Task brief — Please print the records below exactly as they are.

Provided information —
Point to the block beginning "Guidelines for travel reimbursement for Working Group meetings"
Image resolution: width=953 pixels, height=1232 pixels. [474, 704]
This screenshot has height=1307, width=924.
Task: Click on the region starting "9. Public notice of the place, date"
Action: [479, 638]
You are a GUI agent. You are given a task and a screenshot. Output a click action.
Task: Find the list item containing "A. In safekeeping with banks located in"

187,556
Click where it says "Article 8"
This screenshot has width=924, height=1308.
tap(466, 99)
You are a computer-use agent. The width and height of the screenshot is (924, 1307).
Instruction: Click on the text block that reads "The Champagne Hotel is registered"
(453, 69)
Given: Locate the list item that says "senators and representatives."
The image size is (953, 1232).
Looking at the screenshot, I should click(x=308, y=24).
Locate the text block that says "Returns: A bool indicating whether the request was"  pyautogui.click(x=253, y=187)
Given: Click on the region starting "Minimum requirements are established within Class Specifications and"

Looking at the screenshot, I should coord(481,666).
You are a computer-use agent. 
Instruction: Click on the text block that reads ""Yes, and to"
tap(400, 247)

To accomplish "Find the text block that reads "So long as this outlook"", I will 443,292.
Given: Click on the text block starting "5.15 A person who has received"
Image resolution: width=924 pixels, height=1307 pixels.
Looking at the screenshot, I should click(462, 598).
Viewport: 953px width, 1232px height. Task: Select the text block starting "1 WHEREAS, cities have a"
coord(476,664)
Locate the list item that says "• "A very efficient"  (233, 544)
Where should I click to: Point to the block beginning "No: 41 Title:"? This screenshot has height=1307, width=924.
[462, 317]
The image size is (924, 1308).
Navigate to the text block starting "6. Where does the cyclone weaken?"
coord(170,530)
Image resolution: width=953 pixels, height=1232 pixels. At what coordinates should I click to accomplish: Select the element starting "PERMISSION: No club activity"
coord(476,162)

Exercise response —
Point to the block beginning "Guidelines for travel reimbursement for Working Group meetings"
Image resolution: width=953 pixels, height=1232 pixels. [474, 704]
This screenshot has height=1307, width=924.
Task: Click on the region starting "9. Public notice of the place, date"
Action: [479, 638]
You are a GUI agent. You are given a task and a screenshot. Output a click action.
Task: Find the list item containing "A. In safekeeping with banks located in"

187,556
Click where it says "Article 8"
This screenshot has width=924, height=1308.
tap(466, 99)
You are a computer-use agent. The width and height of the screenshot is (924, 1307).
Instruction: Click on the text block that reads "The Champagne Hotel is registered"
(453, 69)
Given: Locate the list item that says "senators and representatives."
The image size is (953, 1232).
Looking at the screenshot, I should click(x=308, y=24).
Locate the text block that says "Returns: A bool indicating whether the request was"  pyautogui.click(x=253, y=187)
Given: Click on the region starting "Minimum requirements are established within Class Specifications and"

Looking at the screenshot, I should coord(481,666).
You are a computer-use agent. 
Instruction: Click on the text block that reads ""Yes, and to"
tap(400, 247)

To accomplish "Find the text block that reads "So long as this outlook"", I will 443,292.
Given: Click on the text block starting "5.15 A person who has received"
Image resolution: width=924 pixels, height=1307 pixels.
Looking at the screenshot, I should click(462, 598).
Viewport: 953px width, 1232px height. Task: Select the text block starting "1 WHEREAS, cities have a"
coord(476,664)
Locate the list item that says "• "A very efficient"  (233, 544)
Where should I click to: Point to the block beginning "No: 41 Title:"? This screenshot has height=1307, width=924.
[462, 317]
The image size is (924, 1308).
Navigate to the text block starting "6. Where does the cyclone weaken?"
coord(170,530)
Image resolution: width=953 pixels, height=1232 pixels. At what coordinates should I click to accomplish: Select the element starting "PERMISSION: No club activity"
coord(476,162)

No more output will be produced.